• **YOUR ASSIGNMENT**:
Below are several records. Retype exactly those lines running from the one with "Answer yes or no. Yes. Is Black" through the one with "Answer yes or no. No. Does Indian", end lines included, and no others.
======
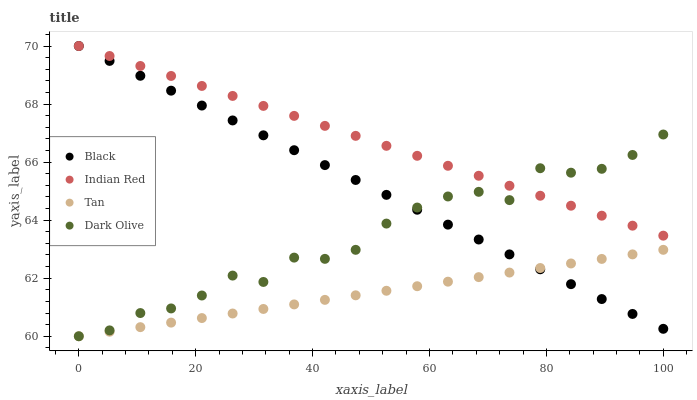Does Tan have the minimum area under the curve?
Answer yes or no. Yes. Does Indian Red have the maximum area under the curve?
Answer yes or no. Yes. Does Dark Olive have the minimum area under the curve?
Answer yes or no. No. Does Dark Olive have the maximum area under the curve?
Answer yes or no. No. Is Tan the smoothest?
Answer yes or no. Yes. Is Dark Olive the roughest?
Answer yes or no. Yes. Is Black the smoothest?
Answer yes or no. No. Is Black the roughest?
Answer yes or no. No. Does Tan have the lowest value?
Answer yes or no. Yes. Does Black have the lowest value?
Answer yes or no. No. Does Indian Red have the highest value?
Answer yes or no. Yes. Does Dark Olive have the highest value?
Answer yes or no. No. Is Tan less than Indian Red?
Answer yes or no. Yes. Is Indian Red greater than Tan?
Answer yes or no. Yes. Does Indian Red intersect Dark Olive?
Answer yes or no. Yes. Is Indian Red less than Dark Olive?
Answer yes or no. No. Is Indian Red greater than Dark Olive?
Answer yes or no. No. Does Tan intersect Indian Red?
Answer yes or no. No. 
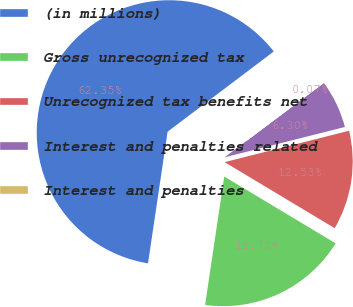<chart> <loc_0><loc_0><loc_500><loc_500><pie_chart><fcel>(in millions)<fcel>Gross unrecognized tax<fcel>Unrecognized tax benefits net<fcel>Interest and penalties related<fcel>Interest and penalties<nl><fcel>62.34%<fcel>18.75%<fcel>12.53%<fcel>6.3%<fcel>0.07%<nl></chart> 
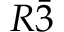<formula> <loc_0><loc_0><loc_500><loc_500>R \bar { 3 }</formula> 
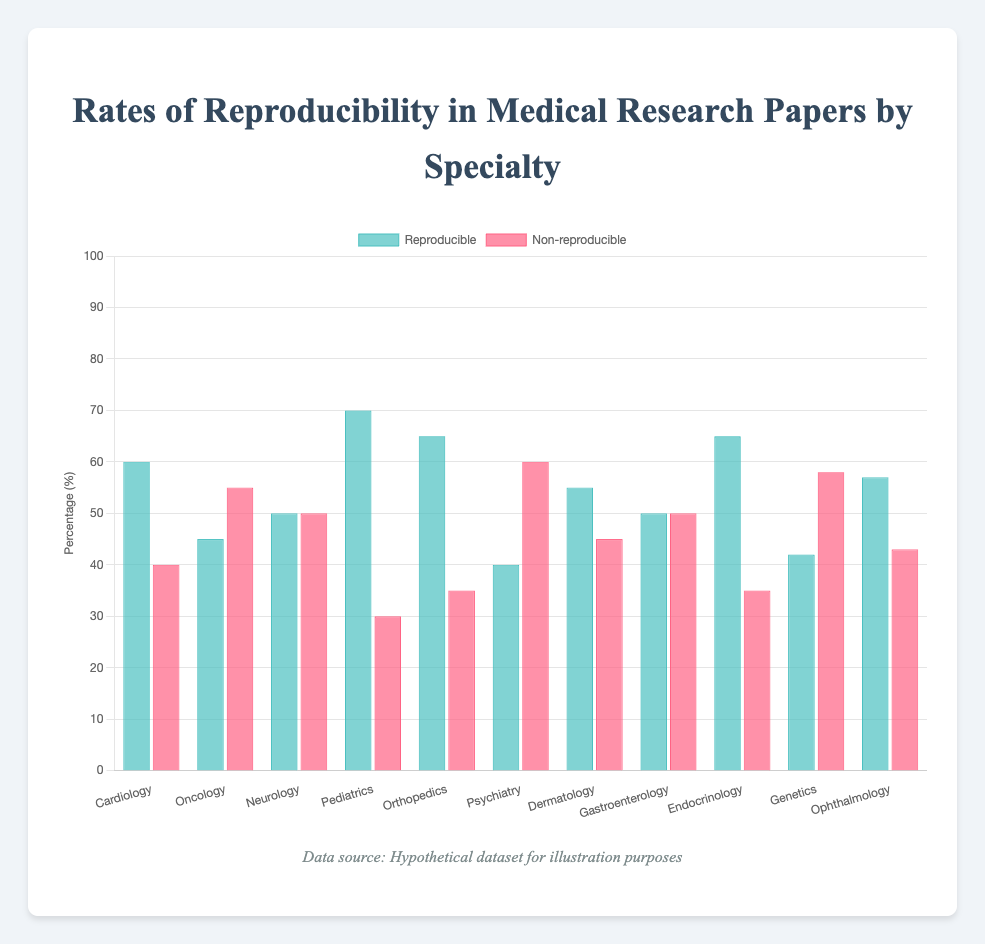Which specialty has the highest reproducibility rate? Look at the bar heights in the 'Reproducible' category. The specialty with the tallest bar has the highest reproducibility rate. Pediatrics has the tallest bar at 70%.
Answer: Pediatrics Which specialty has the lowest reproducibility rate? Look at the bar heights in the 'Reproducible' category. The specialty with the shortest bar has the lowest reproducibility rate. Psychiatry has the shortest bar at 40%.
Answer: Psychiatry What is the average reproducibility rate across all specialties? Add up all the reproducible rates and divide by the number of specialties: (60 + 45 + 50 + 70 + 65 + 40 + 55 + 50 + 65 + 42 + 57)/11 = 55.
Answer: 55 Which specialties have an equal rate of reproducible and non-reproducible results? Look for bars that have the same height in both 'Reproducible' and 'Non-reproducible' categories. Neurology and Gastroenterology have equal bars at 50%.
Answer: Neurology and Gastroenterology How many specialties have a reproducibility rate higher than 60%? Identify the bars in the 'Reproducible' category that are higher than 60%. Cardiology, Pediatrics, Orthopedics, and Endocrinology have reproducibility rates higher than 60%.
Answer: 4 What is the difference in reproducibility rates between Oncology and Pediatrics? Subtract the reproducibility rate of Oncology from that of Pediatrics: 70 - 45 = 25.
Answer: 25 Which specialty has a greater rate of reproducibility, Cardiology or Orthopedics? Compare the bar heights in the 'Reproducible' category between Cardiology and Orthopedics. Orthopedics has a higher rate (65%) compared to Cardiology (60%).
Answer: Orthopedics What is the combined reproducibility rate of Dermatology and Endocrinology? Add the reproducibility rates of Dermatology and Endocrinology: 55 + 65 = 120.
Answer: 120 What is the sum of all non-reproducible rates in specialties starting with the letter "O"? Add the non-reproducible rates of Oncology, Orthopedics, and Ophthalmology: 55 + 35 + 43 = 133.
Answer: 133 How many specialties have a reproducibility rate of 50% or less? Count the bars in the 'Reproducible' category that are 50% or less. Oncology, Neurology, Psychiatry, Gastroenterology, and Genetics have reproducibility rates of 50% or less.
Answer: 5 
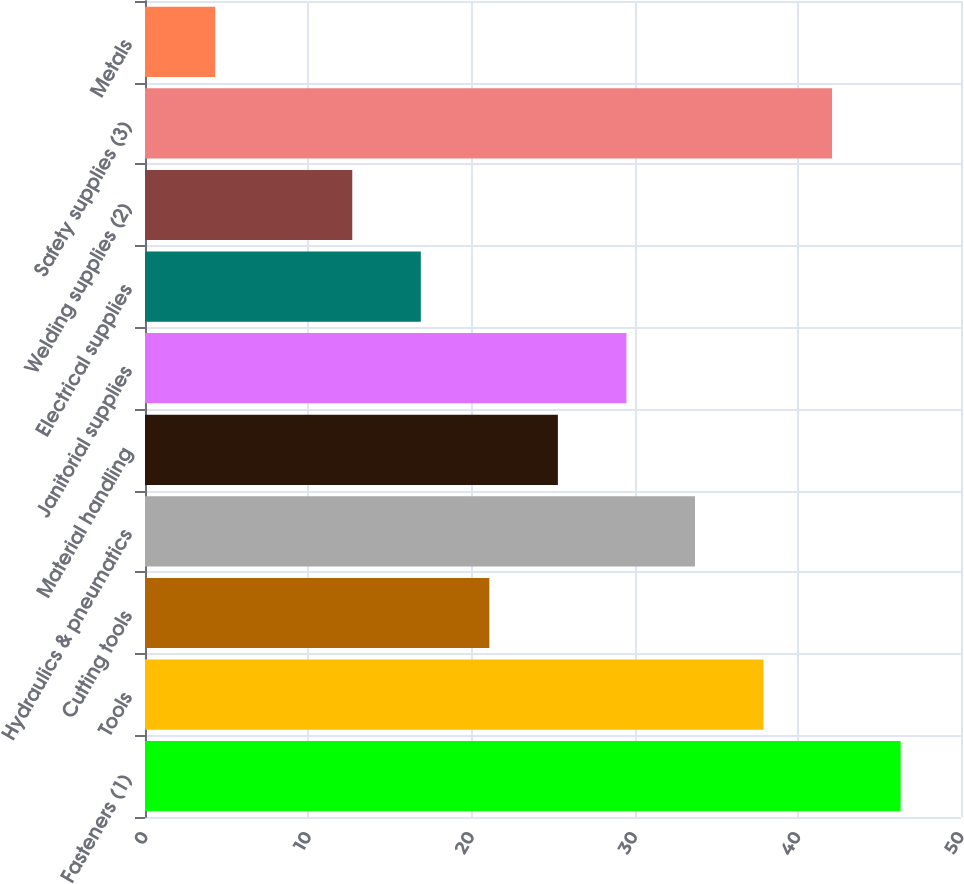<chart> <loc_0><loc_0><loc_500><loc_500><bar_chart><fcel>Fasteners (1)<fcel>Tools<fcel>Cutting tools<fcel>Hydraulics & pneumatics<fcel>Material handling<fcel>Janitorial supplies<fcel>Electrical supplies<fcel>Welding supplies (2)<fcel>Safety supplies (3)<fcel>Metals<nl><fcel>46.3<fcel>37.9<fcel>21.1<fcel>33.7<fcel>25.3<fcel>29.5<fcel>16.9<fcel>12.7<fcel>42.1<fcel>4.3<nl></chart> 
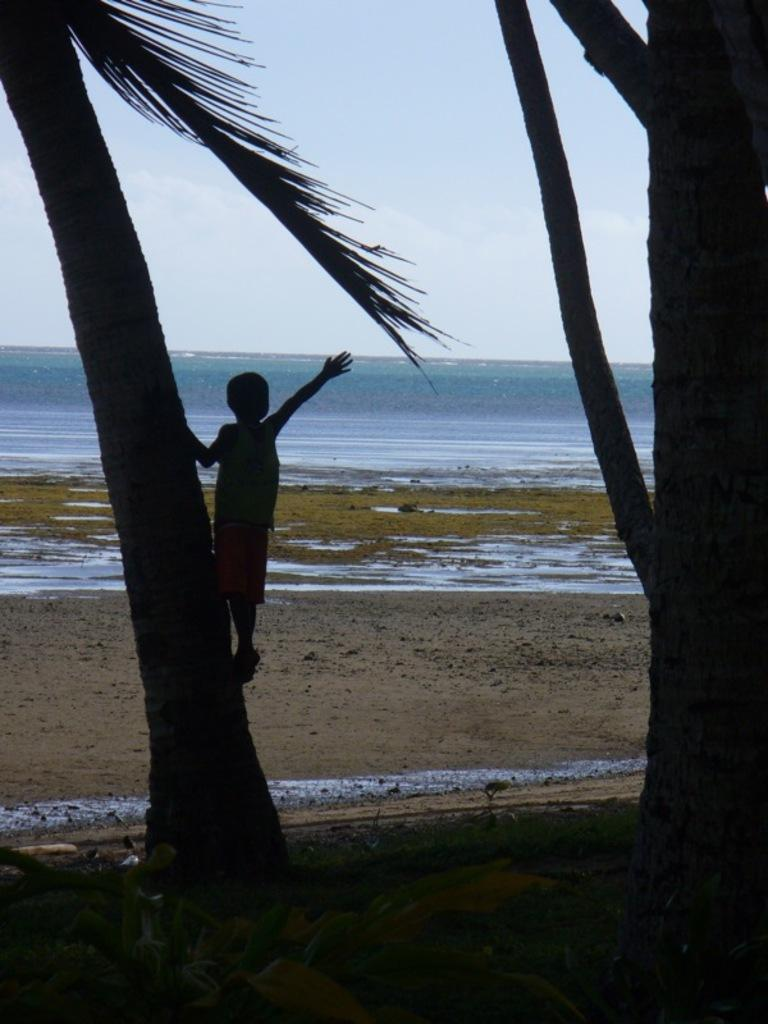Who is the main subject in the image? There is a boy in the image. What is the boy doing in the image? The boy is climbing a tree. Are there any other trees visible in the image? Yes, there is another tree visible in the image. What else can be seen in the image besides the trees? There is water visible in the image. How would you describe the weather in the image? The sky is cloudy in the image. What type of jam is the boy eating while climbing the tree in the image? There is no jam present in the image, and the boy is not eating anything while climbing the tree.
======
• **ANSWER BELOW**:
Answer yes or no. Yes. Is Black the smoothest?
Answer yes or no. No. Is Black the roughest?
Answer yes or no. No. Does Tan have the lowest value?
Answer yes or no. Yes. Does Black have the lowest value?
Answer yes or no. No. Does Indian Red have the highest value?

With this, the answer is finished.